- Problem to work on:
Show each line from the records below in which the word "instances" occurs.

- Records:

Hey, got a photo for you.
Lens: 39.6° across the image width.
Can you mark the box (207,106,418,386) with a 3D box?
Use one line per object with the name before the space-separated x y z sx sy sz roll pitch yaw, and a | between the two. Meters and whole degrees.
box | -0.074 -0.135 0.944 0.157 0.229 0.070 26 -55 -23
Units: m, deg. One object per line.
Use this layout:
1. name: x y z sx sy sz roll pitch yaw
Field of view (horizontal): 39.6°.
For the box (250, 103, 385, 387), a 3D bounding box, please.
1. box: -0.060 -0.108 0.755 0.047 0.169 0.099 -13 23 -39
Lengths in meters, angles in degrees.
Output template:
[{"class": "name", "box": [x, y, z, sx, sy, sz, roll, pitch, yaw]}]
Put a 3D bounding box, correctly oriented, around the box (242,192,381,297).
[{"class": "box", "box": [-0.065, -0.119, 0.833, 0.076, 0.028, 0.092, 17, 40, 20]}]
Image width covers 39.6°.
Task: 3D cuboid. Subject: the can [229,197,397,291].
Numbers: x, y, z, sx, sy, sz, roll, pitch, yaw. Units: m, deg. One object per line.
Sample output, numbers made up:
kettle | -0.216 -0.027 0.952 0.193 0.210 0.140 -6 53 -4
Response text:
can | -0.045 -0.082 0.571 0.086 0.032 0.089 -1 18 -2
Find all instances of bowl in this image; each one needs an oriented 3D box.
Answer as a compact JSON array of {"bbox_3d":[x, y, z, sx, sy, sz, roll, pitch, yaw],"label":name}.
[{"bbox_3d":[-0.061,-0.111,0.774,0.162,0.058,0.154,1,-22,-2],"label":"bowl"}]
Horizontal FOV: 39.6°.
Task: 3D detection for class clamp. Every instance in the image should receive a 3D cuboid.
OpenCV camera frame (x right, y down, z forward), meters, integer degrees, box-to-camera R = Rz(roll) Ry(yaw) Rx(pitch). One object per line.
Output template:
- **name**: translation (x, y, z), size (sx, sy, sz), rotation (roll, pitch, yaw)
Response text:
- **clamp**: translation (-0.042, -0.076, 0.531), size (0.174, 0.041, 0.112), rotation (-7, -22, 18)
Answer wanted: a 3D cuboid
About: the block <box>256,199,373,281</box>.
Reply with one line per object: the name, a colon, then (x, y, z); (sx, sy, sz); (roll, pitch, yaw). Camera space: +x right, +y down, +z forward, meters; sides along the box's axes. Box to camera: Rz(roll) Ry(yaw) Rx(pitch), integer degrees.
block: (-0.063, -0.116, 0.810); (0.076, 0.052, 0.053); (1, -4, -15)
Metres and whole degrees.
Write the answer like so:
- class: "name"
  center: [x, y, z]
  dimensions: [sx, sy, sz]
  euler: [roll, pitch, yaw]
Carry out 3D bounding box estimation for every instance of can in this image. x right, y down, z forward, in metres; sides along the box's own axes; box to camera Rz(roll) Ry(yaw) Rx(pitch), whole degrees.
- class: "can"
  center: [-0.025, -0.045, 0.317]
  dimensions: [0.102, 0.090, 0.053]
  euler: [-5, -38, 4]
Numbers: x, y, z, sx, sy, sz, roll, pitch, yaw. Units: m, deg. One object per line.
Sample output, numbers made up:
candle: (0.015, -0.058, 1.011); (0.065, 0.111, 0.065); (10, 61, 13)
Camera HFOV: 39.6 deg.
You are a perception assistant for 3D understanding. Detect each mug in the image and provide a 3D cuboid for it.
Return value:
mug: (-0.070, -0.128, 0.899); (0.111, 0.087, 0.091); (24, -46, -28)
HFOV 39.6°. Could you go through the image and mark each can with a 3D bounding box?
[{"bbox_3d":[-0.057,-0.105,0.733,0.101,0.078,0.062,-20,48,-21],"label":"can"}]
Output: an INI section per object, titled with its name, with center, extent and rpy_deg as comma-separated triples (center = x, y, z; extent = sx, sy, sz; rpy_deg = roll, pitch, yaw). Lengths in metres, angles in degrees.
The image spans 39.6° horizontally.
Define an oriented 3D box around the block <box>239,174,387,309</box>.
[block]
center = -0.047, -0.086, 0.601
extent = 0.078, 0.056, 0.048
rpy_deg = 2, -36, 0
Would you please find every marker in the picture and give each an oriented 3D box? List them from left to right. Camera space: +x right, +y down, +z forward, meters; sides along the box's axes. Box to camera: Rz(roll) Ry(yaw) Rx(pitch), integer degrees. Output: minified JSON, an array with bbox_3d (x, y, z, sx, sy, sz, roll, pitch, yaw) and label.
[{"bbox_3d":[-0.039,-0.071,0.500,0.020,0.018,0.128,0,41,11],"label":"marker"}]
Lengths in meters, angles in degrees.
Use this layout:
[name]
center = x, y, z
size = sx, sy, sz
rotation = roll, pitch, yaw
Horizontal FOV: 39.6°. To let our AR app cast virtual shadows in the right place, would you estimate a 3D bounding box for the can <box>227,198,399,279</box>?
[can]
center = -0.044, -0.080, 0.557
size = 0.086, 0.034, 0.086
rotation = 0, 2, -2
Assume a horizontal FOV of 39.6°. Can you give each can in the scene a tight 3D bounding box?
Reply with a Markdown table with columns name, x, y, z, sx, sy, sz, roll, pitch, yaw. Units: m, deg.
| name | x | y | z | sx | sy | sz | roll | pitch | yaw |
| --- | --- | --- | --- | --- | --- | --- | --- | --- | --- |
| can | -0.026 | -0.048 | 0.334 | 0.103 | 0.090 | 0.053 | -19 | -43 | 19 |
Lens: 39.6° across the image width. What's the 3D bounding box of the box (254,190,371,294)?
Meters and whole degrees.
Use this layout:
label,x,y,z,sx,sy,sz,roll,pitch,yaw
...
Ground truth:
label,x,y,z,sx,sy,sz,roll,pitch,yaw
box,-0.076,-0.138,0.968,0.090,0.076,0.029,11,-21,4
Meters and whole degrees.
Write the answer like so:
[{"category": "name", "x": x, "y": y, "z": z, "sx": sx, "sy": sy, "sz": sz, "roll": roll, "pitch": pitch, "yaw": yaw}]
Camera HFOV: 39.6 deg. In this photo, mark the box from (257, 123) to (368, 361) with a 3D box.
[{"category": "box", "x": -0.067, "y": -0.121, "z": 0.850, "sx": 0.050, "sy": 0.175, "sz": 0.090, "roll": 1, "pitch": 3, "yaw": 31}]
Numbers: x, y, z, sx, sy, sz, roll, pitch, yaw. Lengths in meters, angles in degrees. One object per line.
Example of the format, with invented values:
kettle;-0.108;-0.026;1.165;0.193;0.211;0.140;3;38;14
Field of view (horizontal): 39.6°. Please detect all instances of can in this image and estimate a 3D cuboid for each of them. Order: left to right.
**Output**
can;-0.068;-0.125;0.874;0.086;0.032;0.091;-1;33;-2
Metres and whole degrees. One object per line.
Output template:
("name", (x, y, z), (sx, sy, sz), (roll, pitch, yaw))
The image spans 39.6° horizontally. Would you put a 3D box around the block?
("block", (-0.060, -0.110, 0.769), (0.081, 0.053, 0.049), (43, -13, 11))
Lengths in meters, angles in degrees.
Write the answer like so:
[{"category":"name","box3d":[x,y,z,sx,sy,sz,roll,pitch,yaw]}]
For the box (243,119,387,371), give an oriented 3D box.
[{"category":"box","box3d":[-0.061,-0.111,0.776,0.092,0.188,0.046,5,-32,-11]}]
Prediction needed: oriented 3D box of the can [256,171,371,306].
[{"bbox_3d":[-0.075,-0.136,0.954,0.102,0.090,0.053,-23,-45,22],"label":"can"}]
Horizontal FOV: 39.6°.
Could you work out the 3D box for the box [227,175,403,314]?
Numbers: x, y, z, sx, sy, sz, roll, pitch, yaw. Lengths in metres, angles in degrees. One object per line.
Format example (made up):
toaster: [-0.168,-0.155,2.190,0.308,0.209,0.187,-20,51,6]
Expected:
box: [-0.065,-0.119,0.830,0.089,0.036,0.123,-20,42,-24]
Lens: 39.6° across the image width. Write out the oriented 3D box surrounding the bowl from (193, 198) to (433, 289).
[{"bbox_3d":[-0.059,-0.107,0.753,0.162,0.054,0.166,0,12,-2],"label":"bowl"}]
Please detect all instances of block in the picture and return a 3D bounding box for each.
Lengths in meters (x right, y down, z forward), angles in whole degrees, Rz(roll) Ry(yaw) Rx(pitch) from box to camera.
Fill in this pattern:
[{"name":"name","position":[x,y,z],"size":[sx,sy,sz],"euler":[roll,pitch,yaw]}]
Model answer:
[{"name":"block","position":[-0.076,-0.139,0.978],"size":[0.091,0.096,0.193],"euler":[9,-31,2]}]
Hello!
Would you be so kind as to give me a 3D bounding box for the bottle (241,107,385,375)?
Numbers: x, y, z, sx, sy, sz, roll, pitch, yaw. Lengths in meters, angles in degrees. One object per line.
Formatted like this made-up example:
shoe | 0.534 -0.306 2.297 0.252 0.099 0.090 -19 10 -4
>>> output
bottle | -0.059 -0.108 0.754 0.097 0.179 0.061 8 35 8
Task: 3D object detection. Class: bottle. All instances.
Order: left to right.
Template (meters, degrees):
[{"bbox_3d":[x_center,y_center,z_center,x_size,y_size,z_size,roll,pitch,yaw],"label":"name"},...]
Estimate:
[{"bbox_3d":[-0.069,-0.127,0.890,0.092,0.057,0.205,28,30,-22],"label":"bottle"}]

- Your response:
Find all instances of bowl in this image; each one needs an oriented 3D box.
Field of view (horizontal): 39.6°. Please detect all instances of can in this image and estimate a 3D cuboid for each of them. Order: left to right.
Please detect all instances of block in the picture and return a 3D bounding box for each.
Task: 3D object detection. Class: bottle. All instances.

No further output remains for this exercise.